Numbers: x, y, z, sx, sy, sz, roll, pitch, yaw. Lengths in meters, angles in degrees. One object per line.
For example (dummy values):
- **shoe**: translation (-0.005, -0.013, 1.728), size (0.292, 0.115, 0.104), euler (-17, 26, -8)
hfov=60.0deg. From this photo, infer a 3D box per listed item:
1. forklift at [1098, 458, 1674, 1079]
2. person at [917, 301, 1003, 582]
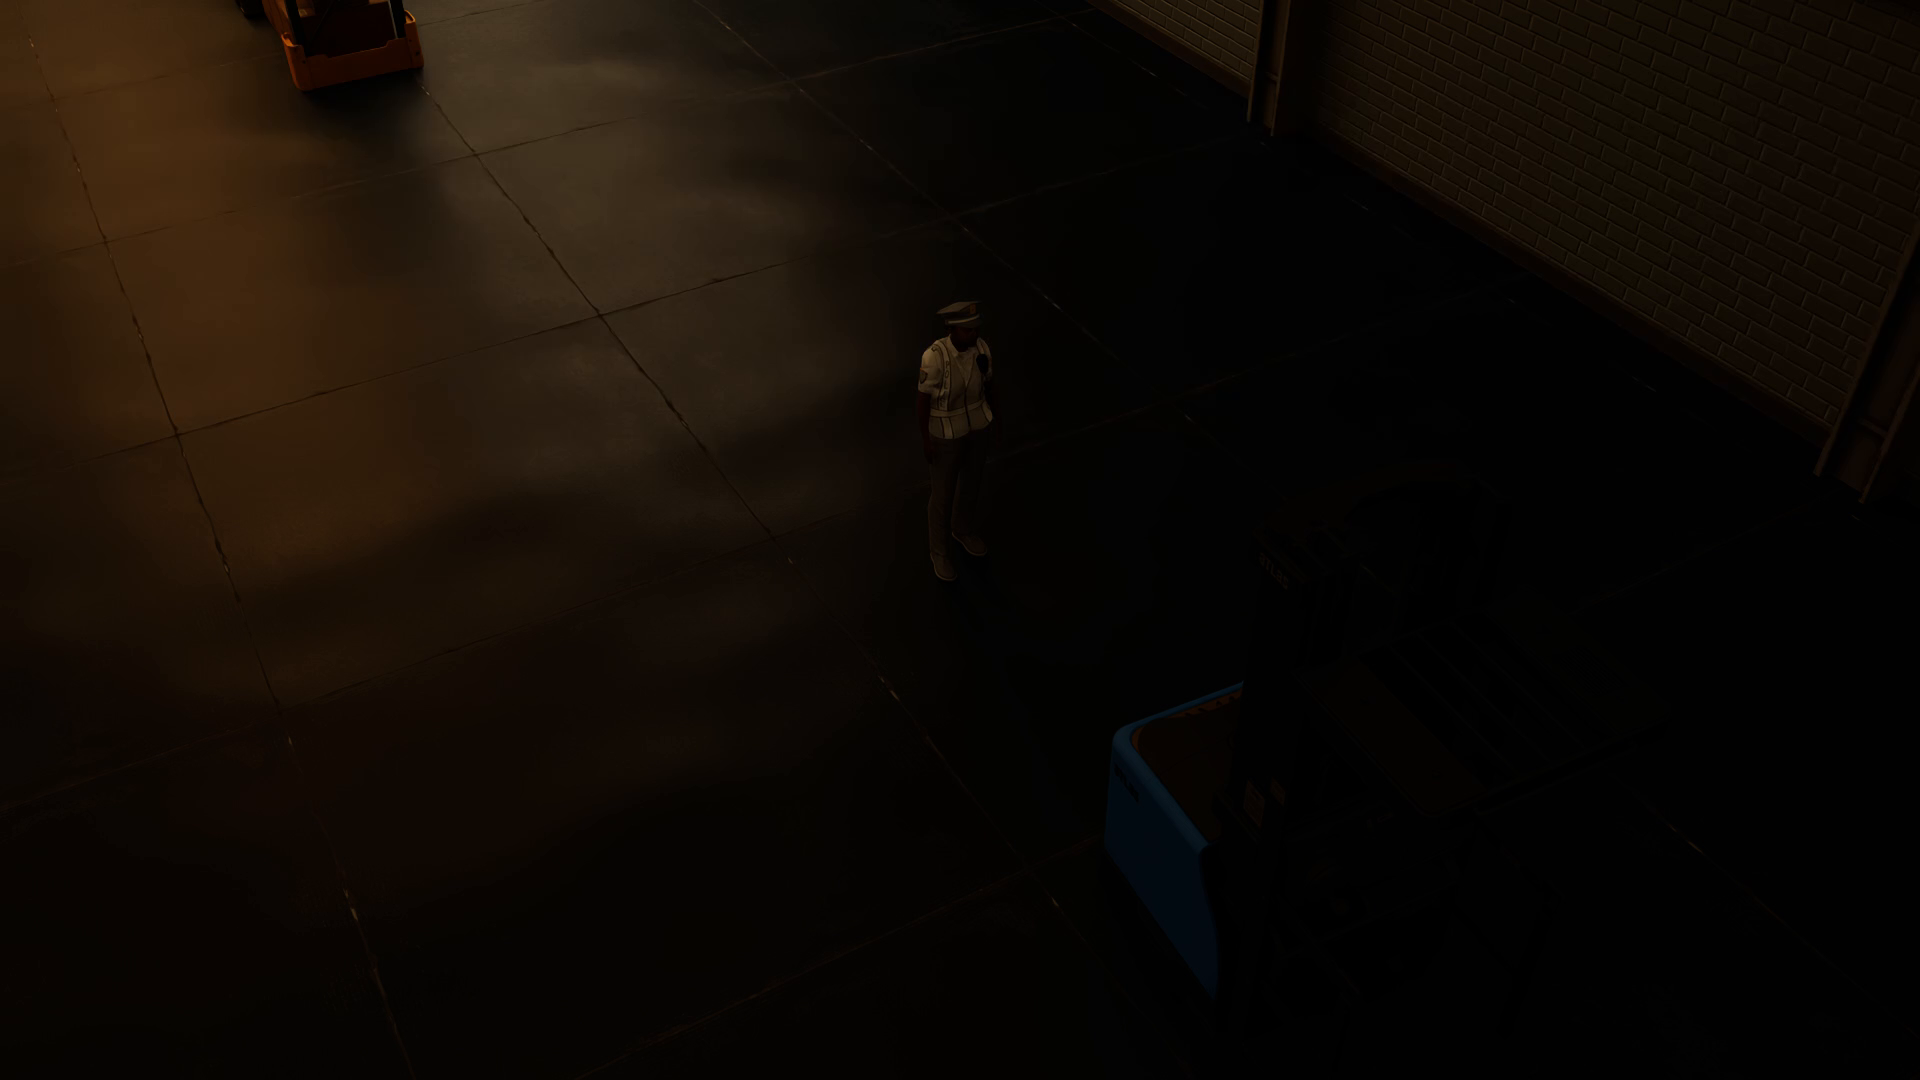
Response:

+ + + + + + +

## WHAT YOU NEED TO DO
If a picture falls within the span, leave it out, and reproduce exactly the lines from the one containing "- **shoe**: translation" through the end of the material, and no others.

## TASK ANSWER
- **shoe**: translation (-0.005, -0.013, 1.728), size (0.292, 0.115, 0.104), euler (-17, 26, -8)
hfov=60.0deg. From this photo, infer a 3D box per listed item:
1. forklift at [1098, 458, 1674, 1079]
2. person at [917, 301, 1003, 582]
Response:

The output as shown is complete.